PDA

View Full Version : SubRip / OCR Advanced / Font Style (OCR)


DataLore
24th August 2004, 06:18
I have done serious research on subrip and it seems pretty simple..

I ran subrip on a 2 season dvd boxset and it went thru the first season without any problems.. (That basics i's l's mixed up and the ocr correction almost removed every one of those errors)

Once I started subrip on the second season. (with a new matrix or the old saved matrix) I was getting about 90% error on reads.. It seemed to be confused by the letter u (pulling the left half of the letter then the right half of the letter)

M and N were misunderstood as 2 letters as well.. I tried to subrip it over and over.. there seems to be a visual difference in the font used on the actual images stored in the .VOB's

I have tried to tweak the advanced OCR features but I am at best guessing on what I'm playing with.. There seems to be almost no documentation on the advanced settings..

I can subrip and pull the 10% good and manually adjust the 90% horrible errors and load them into substation and manually watch the show and make each line correct.. but this it VERY time consuming..

Running spell check on words that even next to other words make no sense, is impossible.

Has anyone else encountered this almost total inability to read a particular font style?? If so was it correctable... is there a chance that OCR tweaking will help??

if there is anything you can suggest I would be very greatful. I want to get the subs out to someone that requested them.. As I know he cannot enjoy the audio.. but I do not have the time required to fix 20+ episodes.

Thanks for your time!

DataLore

niamh
24th August 2004, 07:18
Does vobsubconfigure choke on those fonts too? You can OCR from there as well...
And what's wrong with leaving the subtitles as idx/sub?
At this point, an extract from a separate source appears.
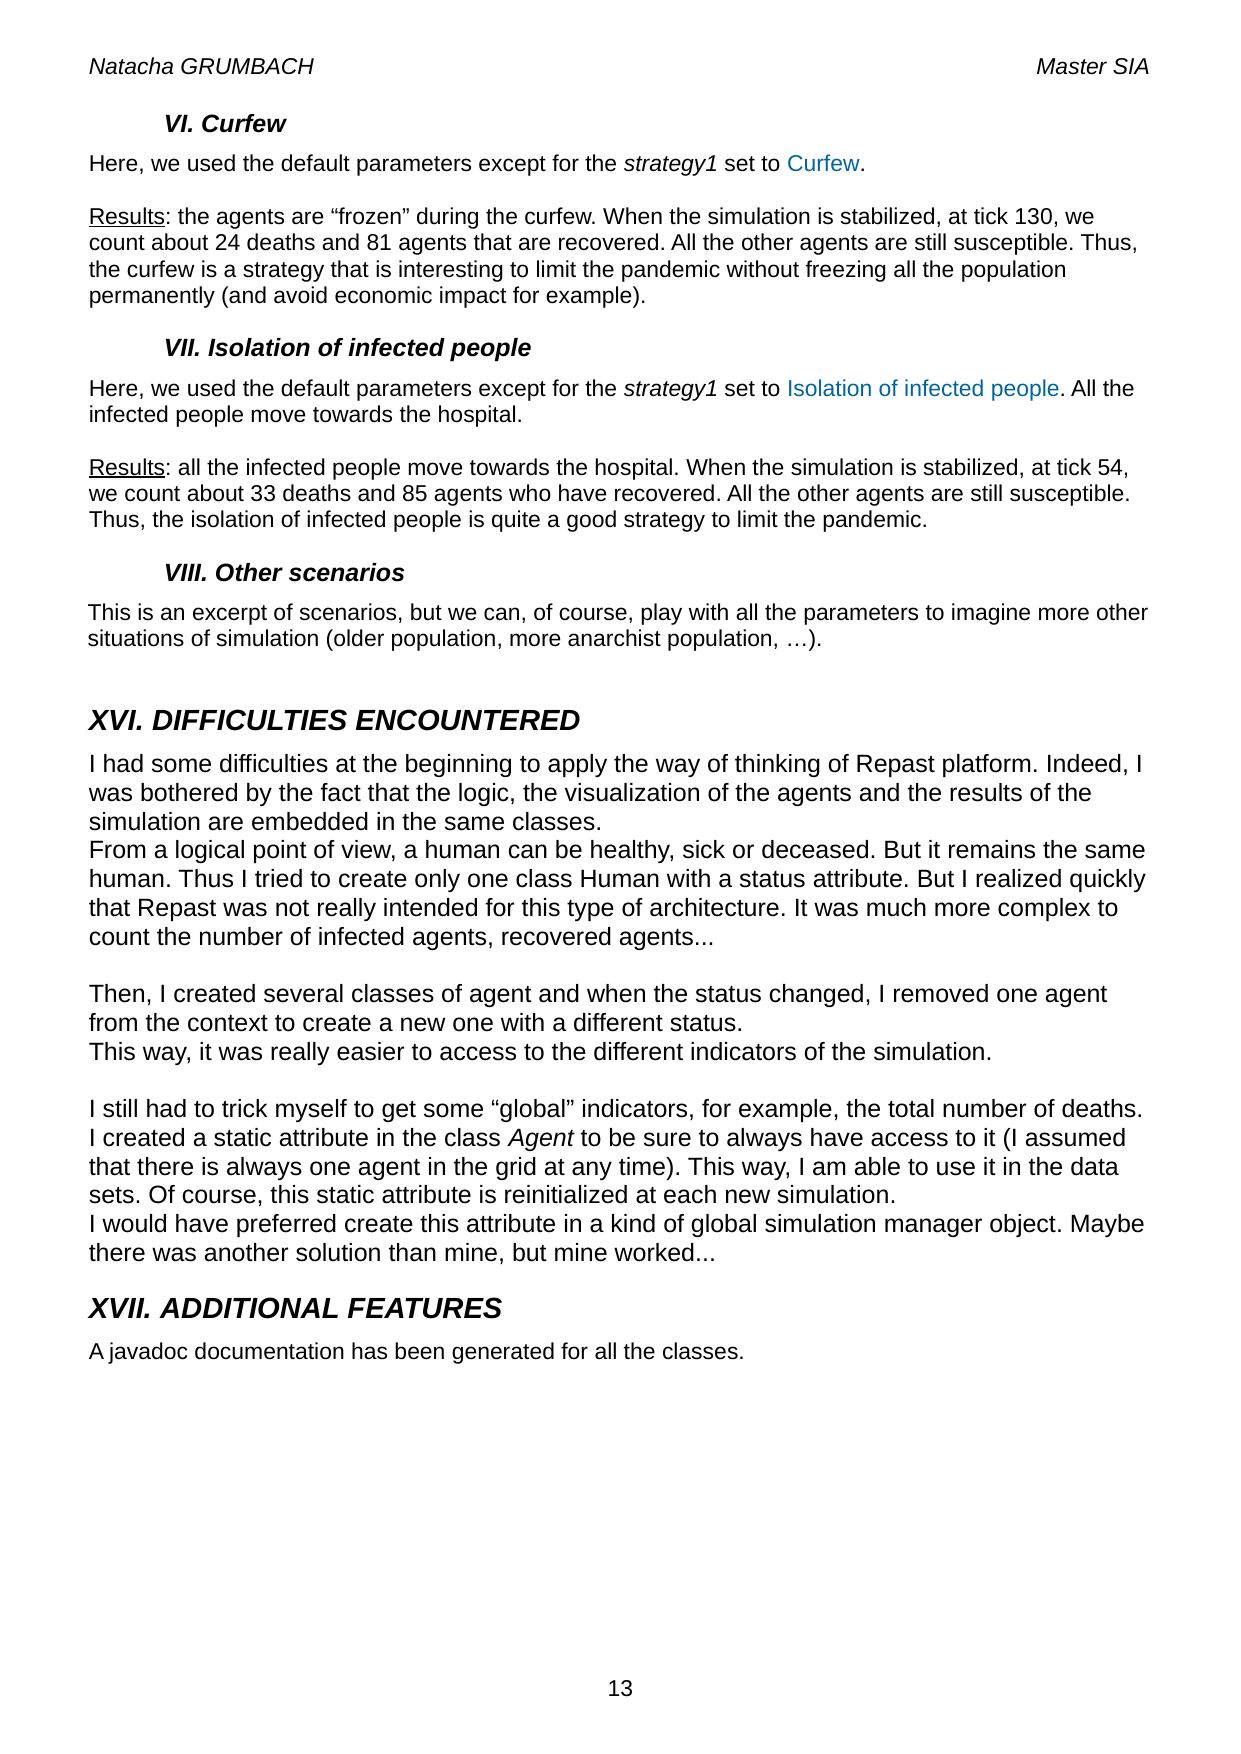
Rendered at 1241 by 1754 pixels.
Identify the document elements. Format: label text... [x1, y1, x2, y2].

In subrip, you can edit the character matrix manually from "character matrix". While I've never done it, it seems like it could be a solution for you, want to give it a go?

DataLore
24th August 2004, 17:12
I have followed the how-to's with vobsub.. and my first problem was that smart ripper renamed the vob's with vts_02_2.vob vts_02_3.vob vts_02_4.vob. and this caused a problem as it didnt start with 1 ie: vts_02_1.vob.

So once corrected I was able to load the file with the .idx file created by smart ripper..

But then nothing else seemed to happen once it loaded..(It went thru the indexing an opening scan thingie) (Click OK) and then 3 files should be created in a directory I selected.. This didn't occur.. only 2 files and there was really nothing inside them.. 1 had very basic information but nothing really (2 k)

I tried to use those files but they didnt seem to have any meaning..

I followed the instructions I found to OCR then with subresync.. this did not work at all.. I was unable to OPEN anything with that application.. (Even renaming the files)

I really hate to sound new to subtitles.. but unfortunately I'm very new.. I have used subrip and substation and I'm quite good with them.. but Vobsub and subresync seem to be a little confusing.. If you can shed any light on there detailed use.. (Like changing to change the font style to allow subrip to read it)

just fyi:
the reason for the change to .srt or .sub (from the vob's) is to include the subs with the already divx compressed .avi's (Unless there is a better way.. and I'm truely open to suggestions..

Again thank you for your assitance, it's greatly appreciated! :D

DataLore

niamh
24th August 2004, 21:51
hhmmmmmmm............
So the subs are not extracted properly, that would explain why they're not ocr'ed properly either. sub files should be pretty big (around 10 mb), so there was no information extracted it seems, hence subresync freezing.(try playing those as separate subs with directvobsub, I bet they don't show up)
I have nothing against smart ripper but would you do me a favour and try to rip the vobs with dvd decrypter in IFO mode(options)(leave all the rest default)? Then you can extract the subs loading the ifo file in vobsubconfigure, and start from there. Just curious as to if it is a decrypting issue :)

Theoretically, if you load the idx in subresync, you would have a lot of timestamps appearing, and when clicking save as... srt, you would get the same ocr window as subrip, except cruder.

I take you ocr your subs in subrip by loading the vobs directly too, so it points again to a decrypting issue.(If you use dvd decrypter, you can do it all by the ifo file as well.)

By include the subs, do you mean, burn them in, mux them in or simply share them as separates? in any case, the way it looks, the idx/subs aren't even valid, so I can't see that they would display anyway :)

[edit] by the way, it has not much to do with a "font style" since vobsub files are bmp image based. That's what ocr'ing does, converts an image into text.